On Tue, Feb 25, 2014 at 4:51 PM, Vincent Hanquez
I'm not saying this is not painful, but i've done it in the past, and using dichotomy and educated guesses (for example not using libraries released after a certain date), you converge pretty quickly on a solution.
But the bottom line is that it's not the common use case. I rarely have to dig old unused code.
And I have code that I would like to have working today, but it's too expensive to go through this process. The code has significant value to me and other people, but not enough to justify the large cost of getting it working again.
This is moot IMHO. A large organisation would *not* rely on cabal, nor the PvP to actually download packages properly:
Sorry, let me rephrase. s/Large organizations/organizations/ Not everyone is big enough to devote the kind of resources it would take to set up their own system. I've personally worked at two such companies. Building tools that can serve the needs of these organizations will help the Haskell community as a whole.
Not only this is insecure, and as Michael mentioned, you would not get the guarantee you need anyway.

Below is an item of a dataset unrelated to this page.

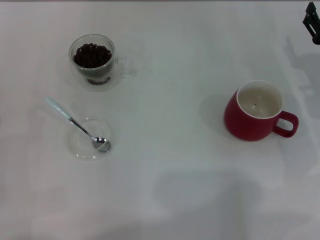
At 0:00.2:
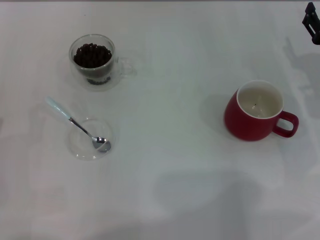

In many cases security doesn't matter because code doesn't interact with the outside world. We're not talking about guaranteeing that building with a later version is buggy. We're talking about guaranteeing that the package will work the way it always worked. It's kind of a package-level purity/immutability.
Even if the above wasn't an issue, Haskell doesn't run in a bubble. I don't expect old ghc and old packages to work with newer operating systems and newer libraries forever.
I don't expect this either. I expect old packages to work the way they always worked with the packages they always worked with.